Did you know that you shouldn’t be saying “All of _____”, you should be saying “All_____”? The “of” is totally unnecessary! Likewise, “towards” is not a thing. It’s TOWARD. These two lessons brought to you by Kitty, the woman I have never met in real life, but who was tasked with reading through my entire book and correcting my numerous writer’s tics, two of which I have just mentioned and the others shall go with me to the grave (and no, unnecessarily long sentences with too many commas wasn’t one of the other ones, why do you ask?)
I really wish Kitty would edit my entire life, blog posts, emails, love letters, the whole shebang, because I am the best for thinking everything is locked down with spelling and grammar, and then noticing eleven mistakes after I press send/publish. But she doesn’t, so instead you get me, unedited and unfiltered. Writer’s tics and all.

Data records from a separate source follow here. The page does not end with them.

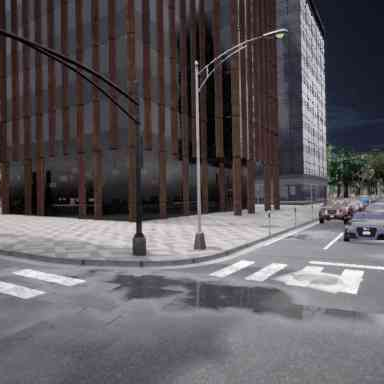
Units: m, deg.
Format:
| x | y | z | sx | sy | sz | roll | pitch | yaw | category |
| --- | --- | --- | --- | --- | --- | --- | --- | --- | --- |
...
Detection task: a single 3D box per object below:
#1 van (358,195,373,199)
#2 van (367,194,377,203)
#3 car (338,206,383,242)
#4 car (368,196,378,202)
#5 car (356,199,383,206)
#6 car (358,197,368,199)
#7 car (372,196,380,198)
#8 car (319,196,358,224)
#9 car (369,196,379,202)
| x | y | z | sx | sy | sz | roll | pitch | yaw | category |
| --- | --- | --- | --- | --- | --- | --- | --- | --- | --- |
| 25.098 | 1.436 | 48.908 | 1.690 | 1.788 | 3.998 | -1 | -1 | 31 | van |
| 39.061 | 1.449 | 72.236 | 1.690 | 1.788 | 3.998 | -1 | -1 | 31 | van |
| 8.581 | 1.596 | 16.108 | 1.994 | 1.385 | 4.181 | -1 | -1 | 31 | car |
| 41.769 | 1.637 | 76.754 | 1.752 | 1.417 | 4.829 | -1 | -1 | 31 | car |
| 13.225 | 1.511 | 23.848 | 1.882 | 1.535 | 5.008 | -1 | -1 | 31 | car |
| 19.429 | 1.617 | 39.428 | 1.752 | 1.417 | 4.829 | -1 | -1 | 31 | car |
| 23.663 | 1.583 | 41.122 | 2.033 | 1.411 | 5.357 | -1 | -1 | 31 | car |
| 11.135 | 1.403 | 25.579 | 2.192 | 1.841 | 5.009 | -1 | -1 | 31 | car |
| 44.650 | 1.681 | 81.565 | 1.947 | 1.339 | 4.313 | -1 | -1 | 31 | car |
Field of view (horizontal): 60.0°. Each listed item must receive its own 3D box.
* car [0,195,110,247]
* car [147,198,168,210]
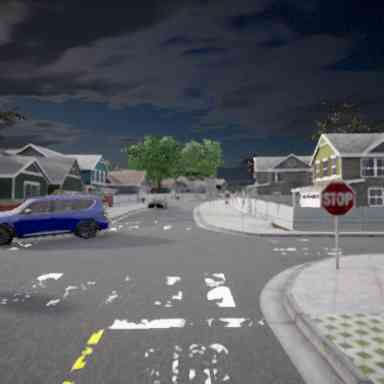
[{"bbox_3d":[-6.491,1.210,14.760,5.566,2.045,2.150,-2,2,-33],"label":"car"},{"bbox_3d":[-3.852,1.341,37.698,1.895,1.301,4.718,0,0,2],"label":"car"}]
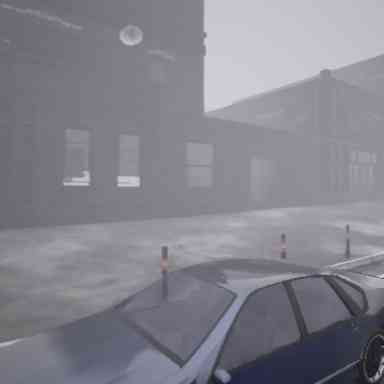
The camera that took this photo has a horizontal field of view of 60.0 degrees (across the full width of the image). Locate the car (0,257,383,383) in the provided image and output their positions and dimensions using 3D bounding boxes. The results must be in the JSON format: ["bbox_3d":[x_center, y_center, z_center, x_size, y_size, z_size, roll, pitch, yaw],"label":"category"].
[{"bbox_3d":[0.497,1.541,3.730,5.357,1.411,2.033,0,0,-35],"label":"car"}]

ANYWAY. To get the winner of this majestic piece of art I first had to figure out how to export my list of Facebook likes, which was a delightful chore I decided to tackle at 11:20 pm on a night that I had to be up at 7 the next morning, because planning (and for those of you wondering why 7.5 hours is not enough sleep, I say to you molars! Molars is why!)

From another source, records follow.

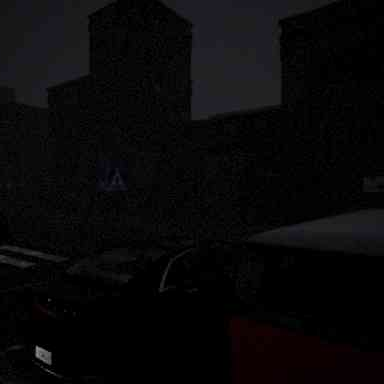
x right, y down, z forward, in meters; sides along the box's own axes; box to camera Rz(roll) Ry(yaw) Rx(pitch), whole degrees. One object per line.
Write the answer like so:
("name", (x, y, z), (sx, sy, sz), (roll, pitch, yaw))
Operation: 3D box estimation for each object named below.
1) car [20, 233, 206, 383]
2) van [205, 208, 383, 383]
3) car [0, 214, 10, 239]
("car", (-0.147, 1.432, 5.453), (2.231, 1.521, 4.892), (1, 1, 36))
("van", (2.186, 1.240, 3.931), (1.878, 1.987, 4.442), (1, 1, 36))
("car", (-9.196, 1.313, 11.912), (2.163, 1.488, 4.792), (1, 1, 36))
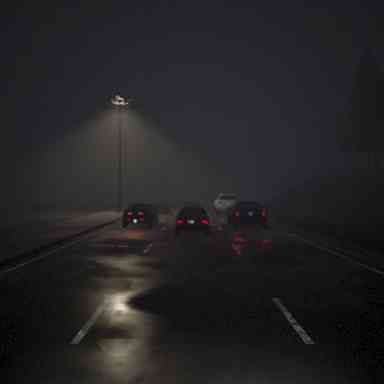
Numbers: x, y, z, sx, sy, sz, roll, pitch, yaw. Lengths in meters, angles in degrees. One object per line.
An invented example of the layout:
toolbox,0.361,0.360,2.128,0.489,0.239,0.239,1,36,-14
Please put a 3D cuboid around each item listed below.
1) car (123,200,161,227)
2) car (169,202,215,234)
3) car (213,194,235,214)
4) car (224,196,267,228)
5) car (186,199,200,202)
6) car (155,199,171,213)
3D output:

When I had compiled the list I did some very high-tech copying and pasting into a word document, and then I took a trip over to Random.org and generated a random number.

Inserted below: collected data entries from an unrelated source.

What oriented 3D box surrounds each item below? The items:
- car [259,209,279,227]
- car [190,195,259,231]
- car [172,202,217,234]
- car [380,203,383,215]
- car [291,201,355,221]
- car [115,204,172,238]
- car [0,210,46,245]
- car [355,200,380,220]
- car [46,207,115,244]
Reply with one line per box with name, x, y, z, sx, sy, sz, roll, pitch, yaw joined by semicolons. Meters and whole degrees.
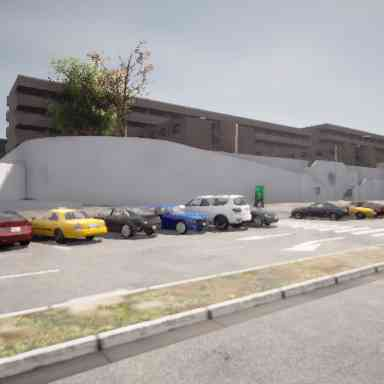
car;3.454;1.513;22.795;4.892;1.521;2.231;-1;-1;34
car;0.999;1.251;21.070;5.566;2.045;2.435;-1;-1;35
car;-1.403;1.497;19.331;5.008;1.535;2.097;-1;-1;35
car;15.575;1.620;31.450;4.792;1.488;2.163;-1;-1;35
car;10.744;1.591;27.971;4.674;1.452;2.002;-1;-1;35
car;-3.827;1.494;17.588;4.892;1.521;2.231;-1;-1;35
car;-8.714;1.519;14.147;4.792;1.488;2.163;-1;-1;35
car;13.325;1.564;29.602;5.366;1.575;1.946;-1;-1;35
car;-6.414;1.489;15.967;5.366;1.575;1.946;-1;-1;35

Screen shot of this intricate business below, for proof.
So number 36! How YOU doin’? I headed back to my word document and counted down to the thirty-sixth fan, and FEE WRIGHT! You are it! come on down! So Fee, here’s what you need to do. Choose your finest photo, preferably one featuring you in the grip of a beefy Neanderthal man, waist-deep in water under a shooting star, and email it to me at info (at) sweetmadeleine (dot) ca.
Then I will print this photo, put on my white gloves and take it to the artist himself, who will probably be in the midst of something terribly artist-like, such as watching bro movies wrist-deep in a bag of Doritos (don’t worry, he uses the orange chip dust for shading) and he will get to work on your custom magnificence.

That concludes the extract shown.